Your instructions
Search the data below for the word "screenshot" and copy each line that holds it.

Collected data entries:
Segment Open

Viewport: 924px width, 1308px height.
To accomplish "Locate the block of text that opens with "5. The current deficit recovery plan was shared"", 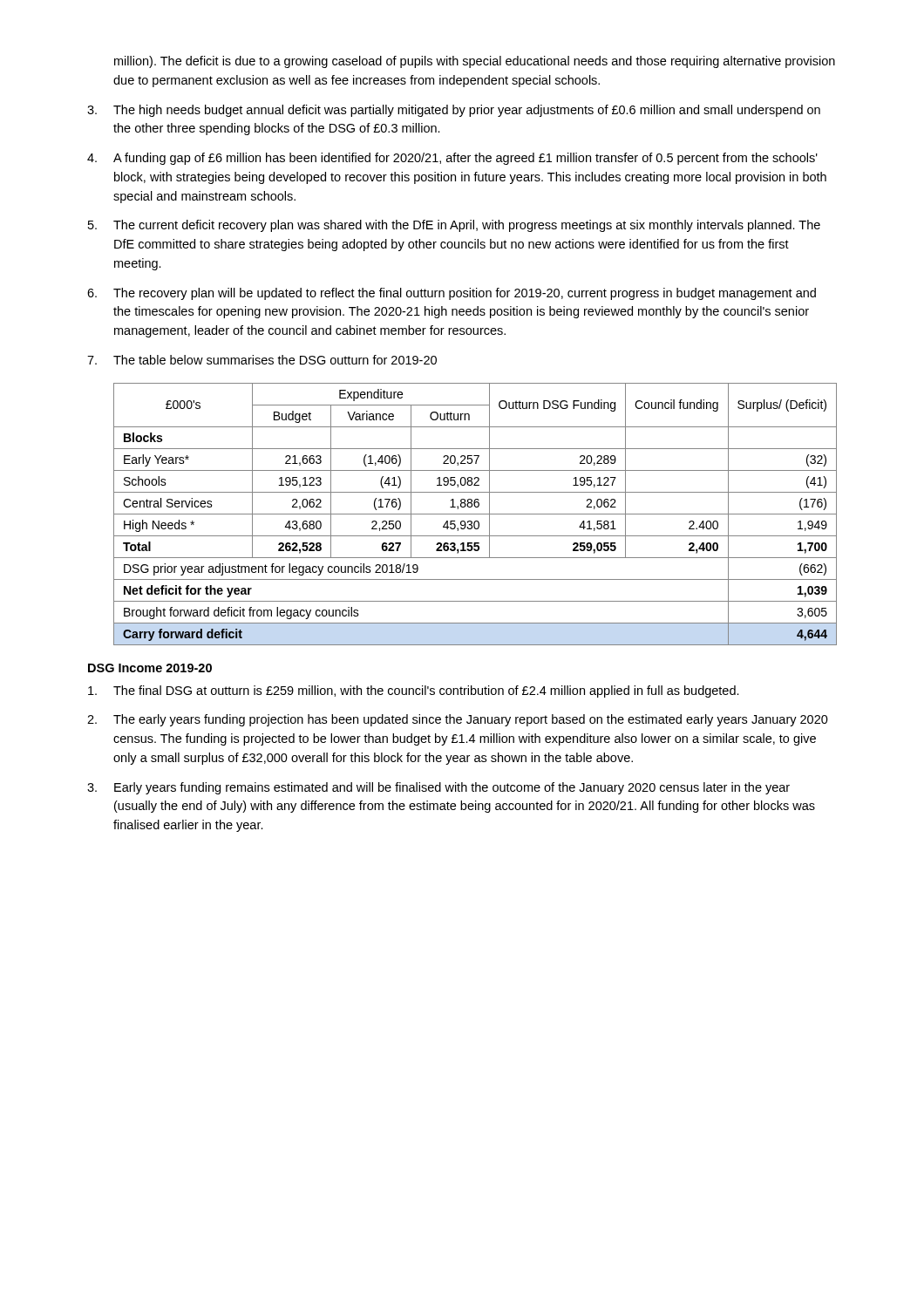I will 462,245.
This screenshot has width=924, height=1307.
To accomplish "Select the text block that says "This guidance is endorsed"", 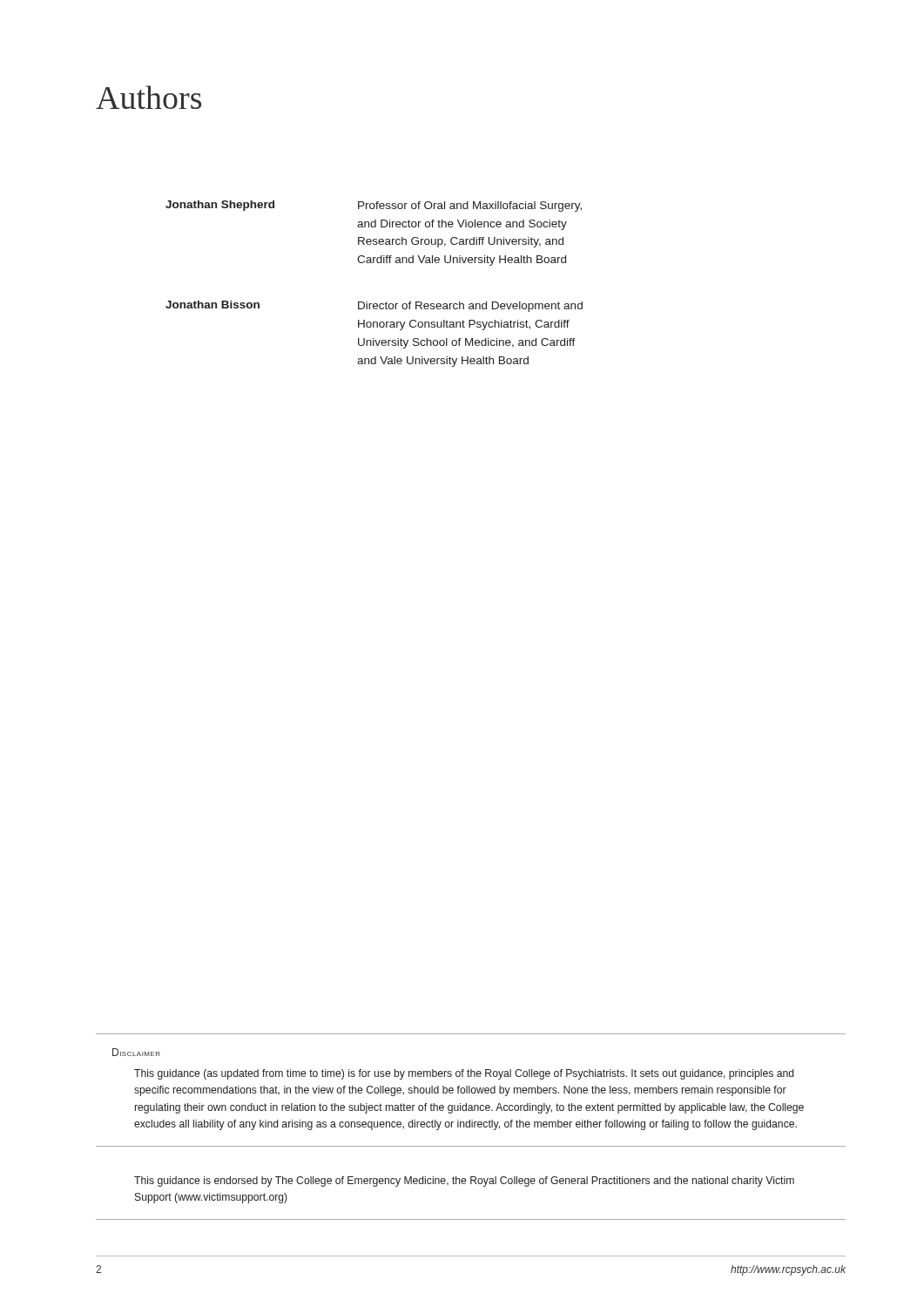I will pos(464,1189).
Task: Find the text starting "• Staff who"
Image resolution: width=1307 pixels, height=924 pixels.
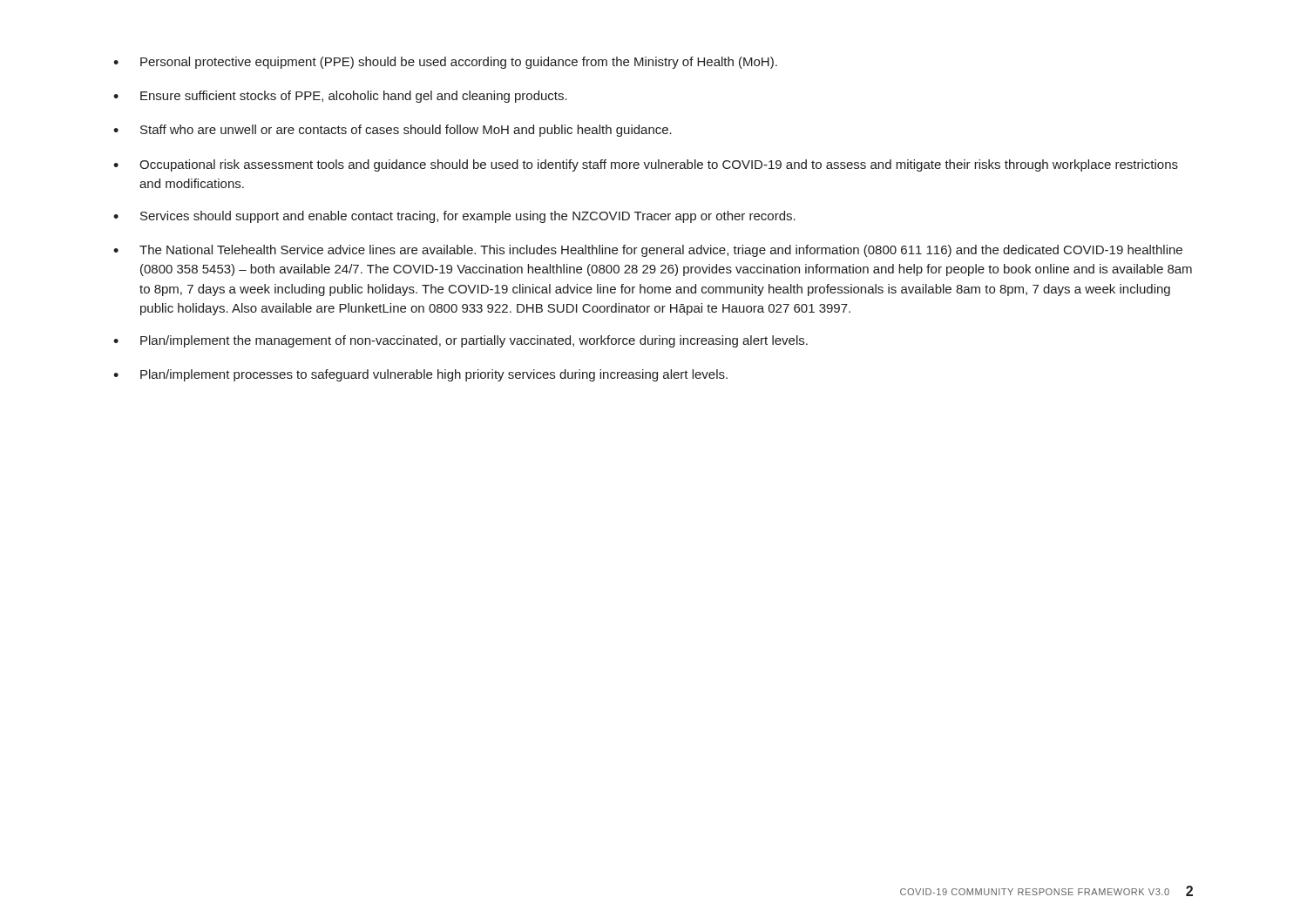Action: 654,131
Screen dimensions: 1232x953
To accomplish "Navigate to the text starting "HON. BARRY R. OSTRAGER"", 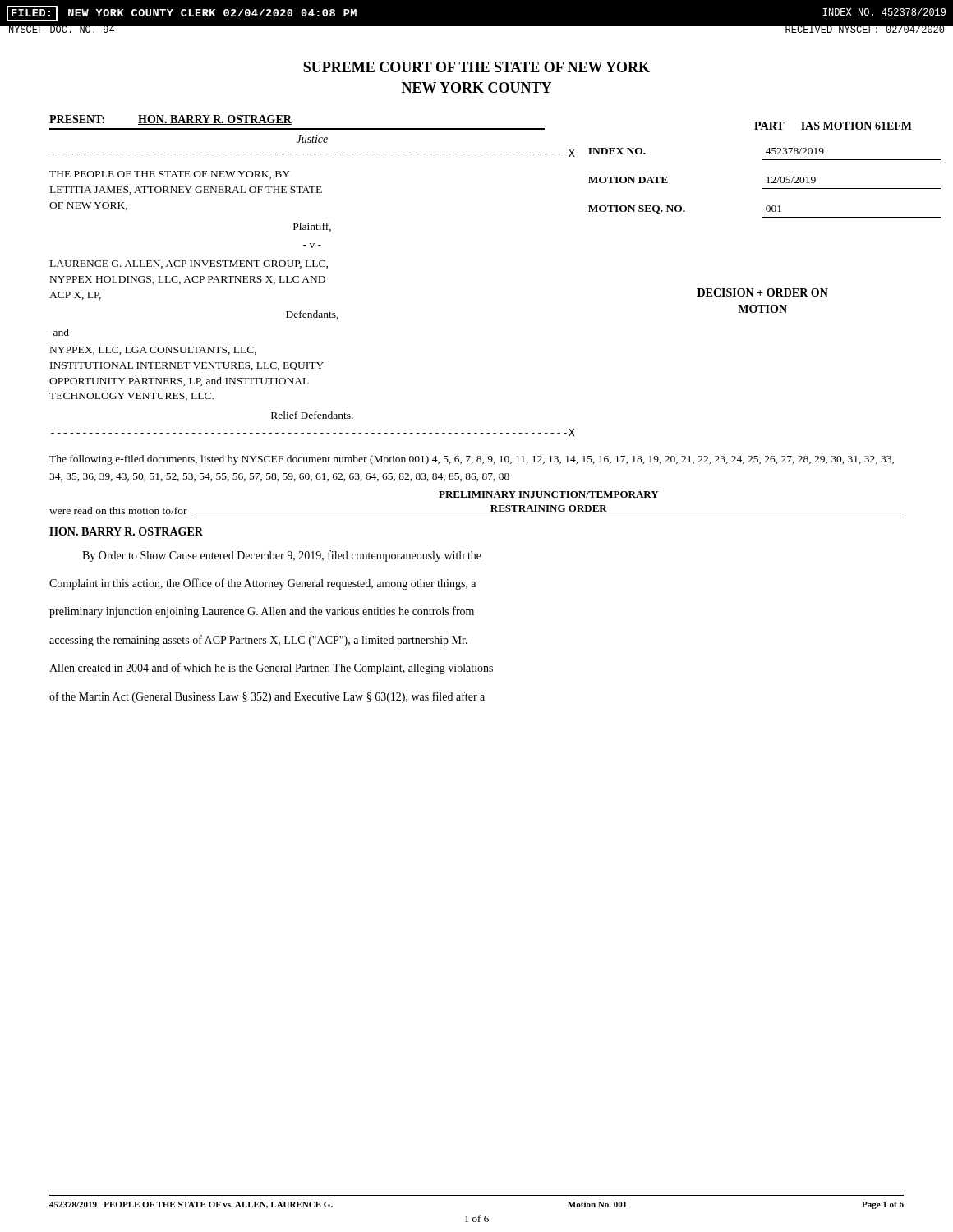I will [x=126, y=531].
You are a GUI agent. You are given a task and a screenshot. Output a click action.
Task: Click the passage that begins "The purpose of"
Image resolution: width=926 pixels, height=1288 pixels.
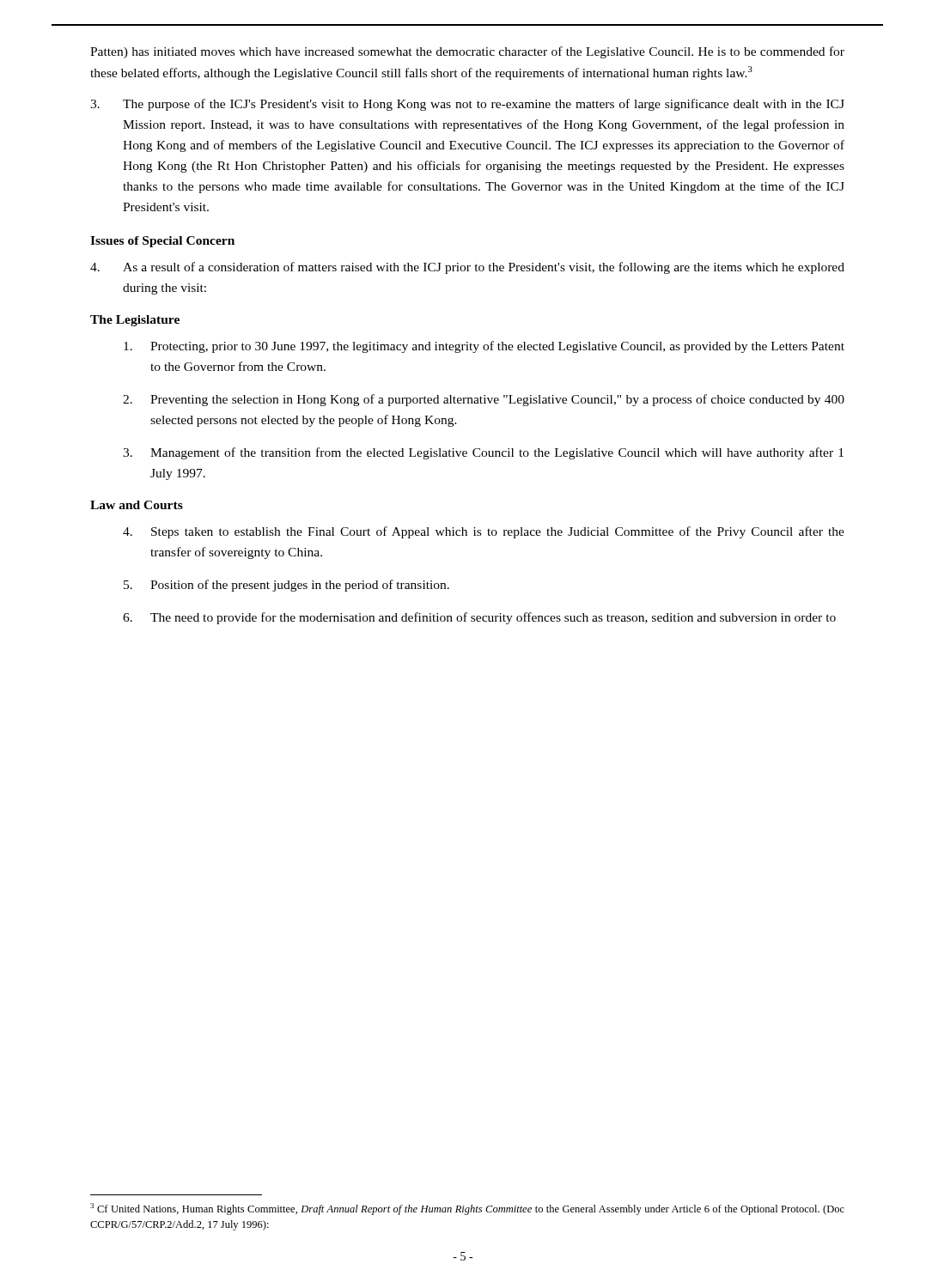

Segment Closed

Output for this task
This screenshot has width=924, height=1307.
You are a GUI agent. You are given a task and a screenshot. Output a click action.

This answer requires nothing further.